The entries that follow need to be reproduced exactly, minus any images.

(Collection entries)
<<<<

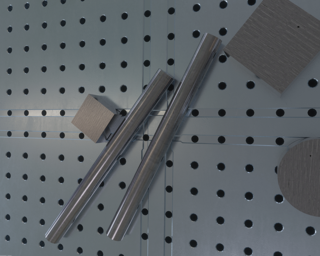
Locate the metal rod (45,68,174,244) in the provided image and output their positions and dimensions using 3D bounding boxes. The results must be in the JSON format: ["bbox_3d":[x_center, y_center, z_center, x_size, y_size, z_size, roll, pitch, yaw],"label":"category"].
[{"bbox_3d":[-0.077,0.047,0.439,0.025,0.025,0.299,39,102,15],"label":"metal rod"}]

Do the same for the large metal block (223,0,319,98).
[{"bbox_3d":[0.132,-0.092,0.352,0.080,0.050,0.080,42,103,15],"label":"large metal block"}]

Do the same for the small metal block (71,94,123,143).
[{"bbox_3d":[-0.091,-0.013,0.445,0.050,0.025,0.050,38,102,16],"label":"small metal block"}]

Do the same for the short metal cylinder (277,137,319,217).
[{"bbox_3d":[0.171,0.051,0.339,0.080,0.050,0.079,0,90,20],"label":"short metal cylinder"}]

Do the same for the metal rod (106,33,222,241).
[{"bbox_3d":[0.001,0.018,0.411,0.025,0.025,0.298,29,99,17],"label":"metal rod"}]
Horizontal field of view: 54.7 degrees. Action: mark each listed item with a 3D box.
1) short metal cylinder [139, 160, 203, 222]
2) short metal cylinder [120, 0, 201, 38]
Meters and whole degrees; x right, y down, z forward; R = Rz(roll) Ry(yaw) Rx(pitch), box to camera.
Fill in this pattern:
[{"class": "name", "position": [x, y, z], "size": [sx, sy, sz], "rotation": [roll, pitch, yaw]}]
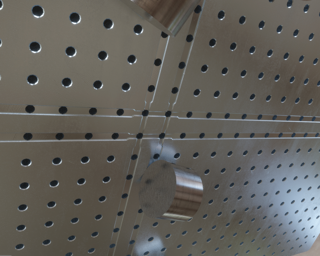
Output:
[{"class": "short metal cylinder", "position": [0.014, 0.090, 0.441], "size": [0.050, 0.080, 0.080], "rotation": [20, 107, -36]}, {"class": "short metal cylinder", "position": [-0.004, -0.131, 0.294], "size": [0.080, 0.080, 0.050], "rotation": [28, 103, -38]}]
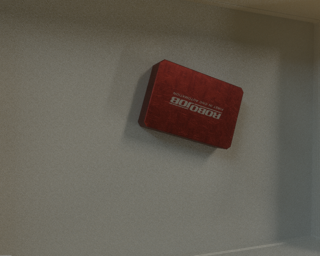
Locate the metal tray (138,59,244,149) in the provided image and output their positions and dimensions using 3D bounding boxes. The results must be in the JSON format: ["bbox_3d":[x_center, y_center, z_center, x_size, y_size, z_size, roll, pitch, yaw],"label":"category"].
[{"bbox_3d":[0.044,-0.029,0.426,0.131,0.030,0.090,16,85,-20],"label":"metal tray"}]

>>>>

# [Task output]
Locate the metal rod (45,68,174,244) in the provided image and output their positions and dimensions using 3D bounding boxes. The results must be in the JSON format: ["bbox_3d":[x_center, y_center, z_center, x_size, y_size, z_size, roll, pitch, yaw],"label":"category"].
[{"bbox_3d":[-0.077,0.047,0.439,0.025,0.025,0.299,39,102,15],"label":"metal rod"}]

Do the same for the large metal block (223,0,319,98).
[{"bbox_3d":[0.132,-0.092,0.352,0.080,0.050,0.080,42,103,15],"label":"large metal block"}]

Do the same for the small metal block (71,94,123,143).
[{"bbox_3d":[-0.091,-0.013,0.445,0.050,0.025,0.050,38,102,16],"label":"small metal block"}]

Do the same for the short metal cylinder (277,137,319,217).
[{"bbox_3d":[0.171,0.051,0.339,0.080,0.050,0.079,0,90,20],"label":"short metal cylinder"}]

Do the same for the metal rod (106,33,222,241).
[{"bbox_3d":[0.001,0.018,0.411,0.025,0.025,0.298,29,99,17],"label":"metal rod"}]
Horizontal field of view: 54.7 degrees. Action: mark each listed item with a 3D box.
1) short metal cylinder [139, 160, 203, 222]
2) short metal cylinder [120, 0, 201, 38]
Meters and whole degrees; x right, y down, z forward; R = Rz(roll) Ry(yaw) Rx(pitch), box to camera.
Fill in this pattern:
[{"class": "name", "position": [x, y, z], "size": [sx, sy, sz], "rotation": [roll, pitch, yaw]}]
Output:
[{"class": "short metal cylinder", "position": [0.014, 0.090, 0.441], "size": [0.050, 0.080, 0.080], "rotation": [20, 107, -36]}, {"class": "short metal cylinder", "position": [-0.004, -0.131, 0.294], "size": [0.080, 0.080, 0.050], "rotation": [28, 103, -38]}]
Locate the metal tray (138,59,244,149) in the provided image and output their positions and dimensions using 3D bounding boxes. The results must be in the JSON format: ["bbox_3d":[x_center, y_center, z_center, x_size, y_size, z_size, roll, pitch, yaw],"label":"category"].
[{"bbox_3d":[0.044,-0.029,0.426,0.131,0.030,0.090,16,85,-20],"label":"metal tray"}]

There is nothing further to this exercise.